Magna Ladegaard, ehemalige Leiterin des Kinderheims Kongslund. Sie tritt nur einige Male selbst in Erscheinung, ist aber dennoch die ganze Zeit über präsent, sei es durch ihre Aufzeichnungen, sei es durch Erinnerungen anderer Personen an sie. Sie ist nicht wirklich zu durchschauen und wohl die Figur, die am knappsten beschrieben wird. Ihre Motive bleiben ein Stück weit offen und auch ganz am Ende nicht vollständig erklärbar.
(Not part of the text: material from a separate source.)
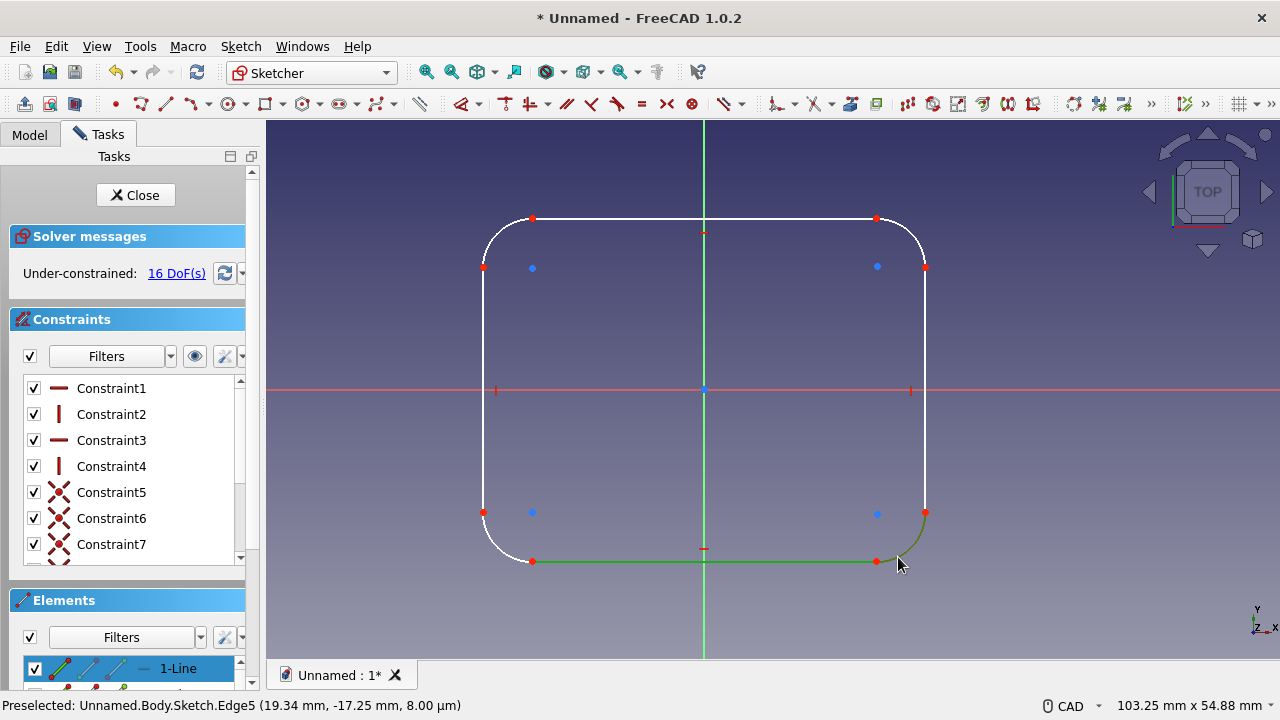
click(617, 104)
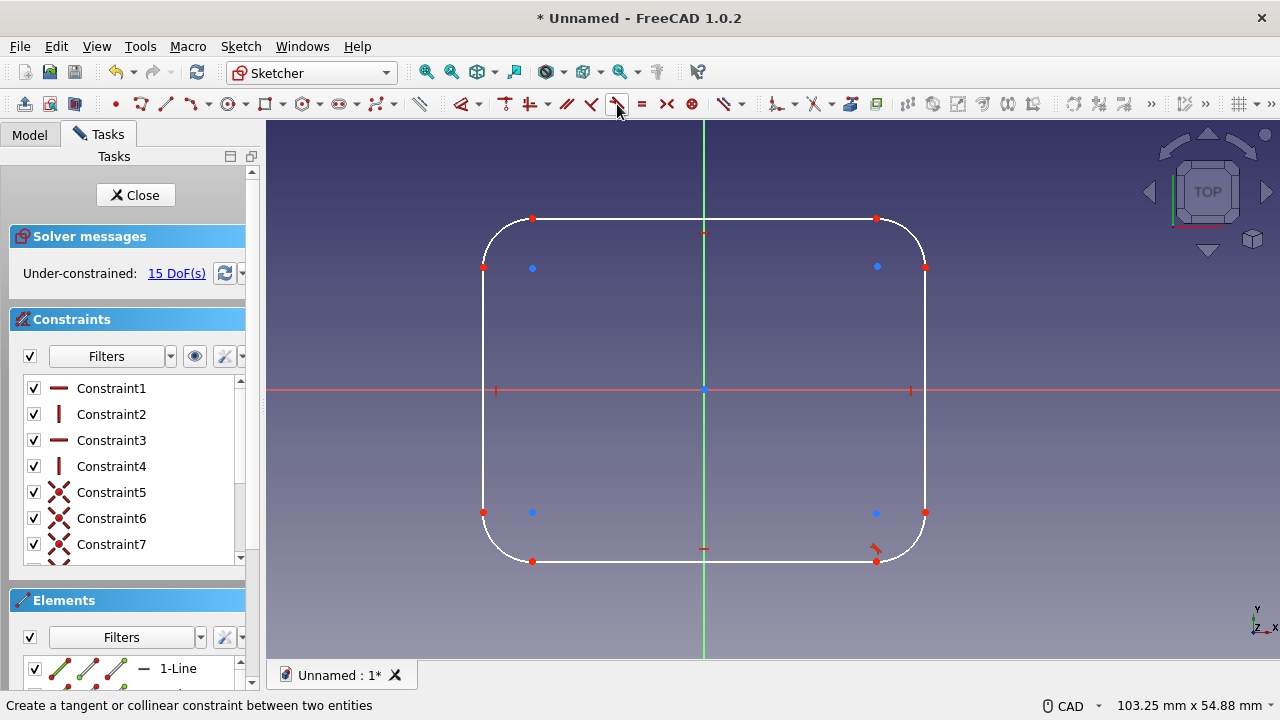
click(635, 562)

Orla Berntsen, Chef der Stabsverwaltung im Nationalministerium. Er lebte einige Jahre in Kongslund und ist der erste, der einen anonymen Brief bekommt. Er hat viel zu verlieren und ist hin und her gerissen zwischen dem Wunsch, mehr über seine Vergangenheit herauszufinden und der Angst vor einem Skandal, der seine Karriere beenden könnte. Er ist wohl eine der zerissensten Persönlichkeiten dieser Geschichte und ebenso sensibel dargestellt wie alle anderen.
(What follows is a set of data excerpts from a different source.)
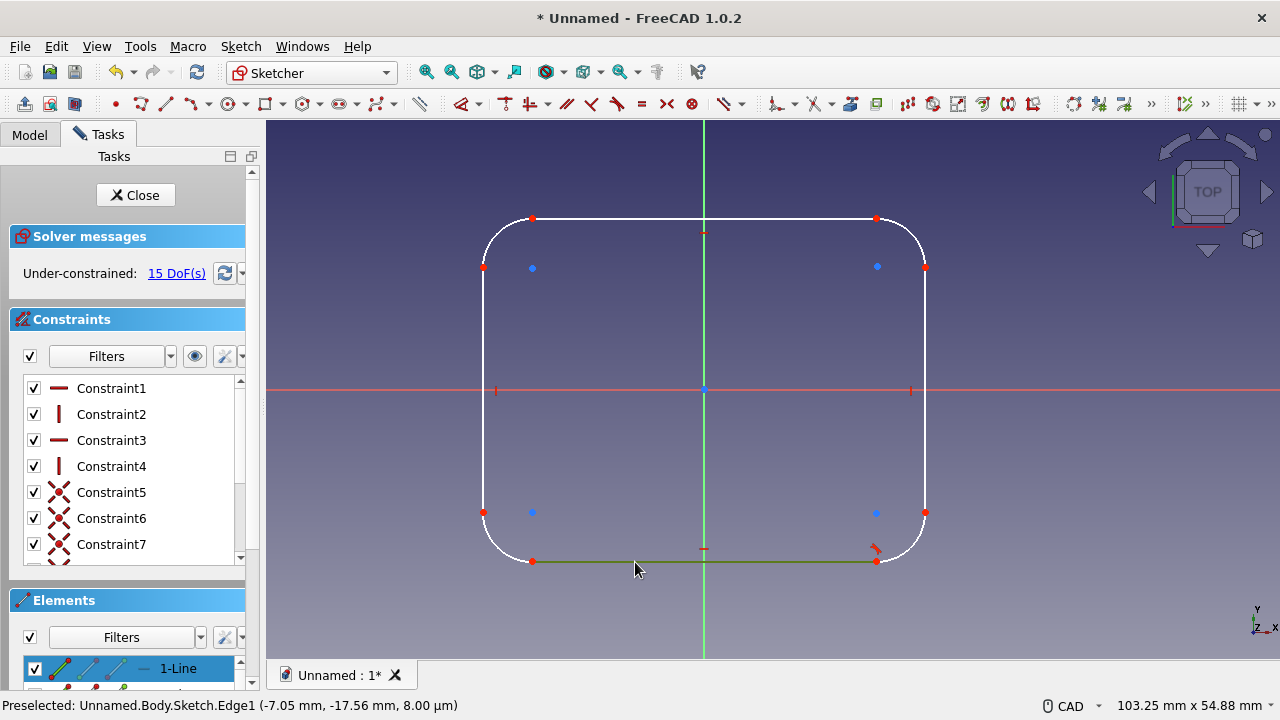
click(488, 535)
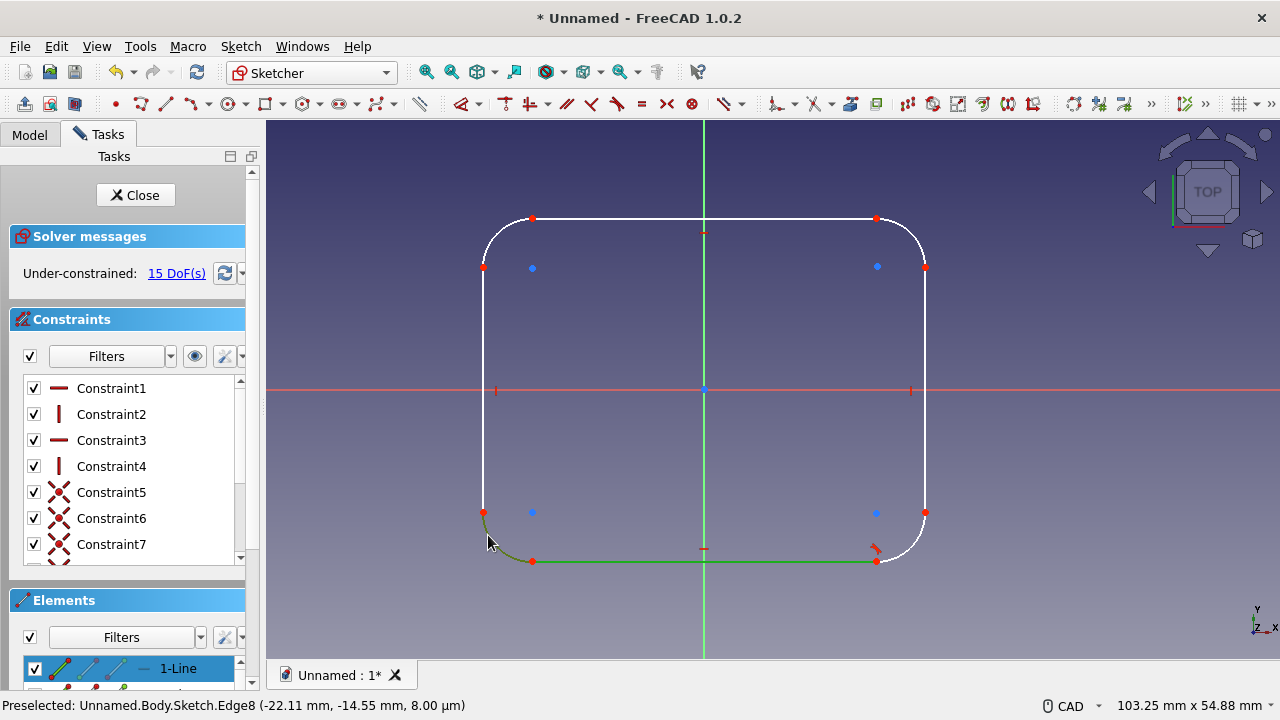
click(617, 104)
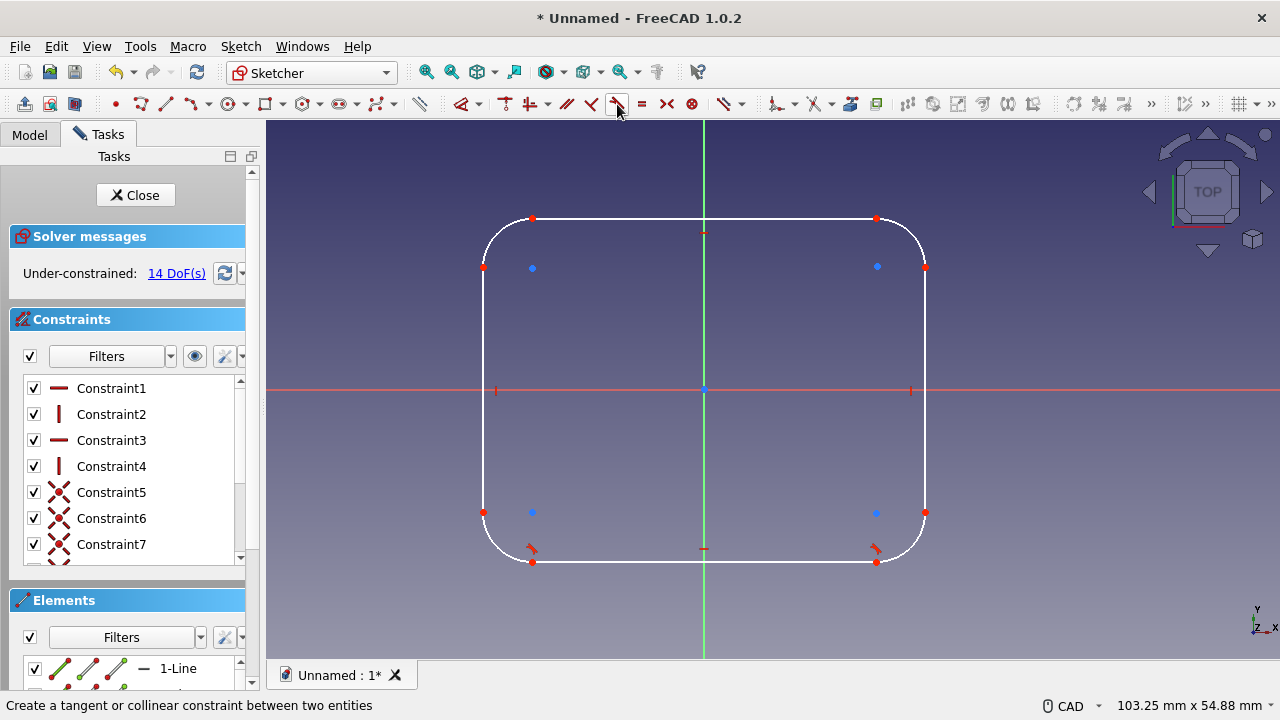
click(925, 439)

Und derer gibt es viele, sie alle haben gemeinsam, dass der Autor sie nicht nur beschrieben, sondern ihnen gewissermaßen ein Leben gegeben hat; selbst kleinere Randfiguren haben eine vollständige Geschichte und wirken unglaublich wahrhaftig und klar. Ganz deutlich wird auch aus Das siebte Kind, welche lebenslange Last viele adoptierte Kinder mit sich herumtragen, wie sehr das Wissen oder auch Nichtwissen über ihre Herkunft ihr ganzes Leben prägt. Hier hat sich Erik Valeur sehr tief in die Psyche seiner Handlungsträger hineingedacht, einfach faszinierend!


Aufmachung des Buches
Das gebundene Buch zeigt auf dem Schutzumschlag eine Gruppe von Störchen, sieben um genau zu sein, vor einer kargen Landschaft. Das Foto selbst wirkt vergilbt und altertümlich und passt so sehr gut zum Inhalt des Buches, der sich in großen Anteilen mit alten Dokumenten und Fotos auseinandersetzt. Innen gibt es 40 unterschiedlich lange Kapitel, die in insgesamt vier Teilen die Geschichte erzählen und jeweils mit einer Überschrift versehen sind. Ein Lesebändchen komplettiert die hochwertige Aufmachung.


Fazit
Das siebte Kind ist in zweierlei Hinsicht ein Buch, auf das man sich einlassen muss. Auf den puren Umfang und auf die oft verstörende, tiefgehende, manchmal anrührende und doch nie mit dem Mitleid des Lesers spielende Geschichte. So ein Buch liest man nicht mal eben zwischendurch. Bitte genießen!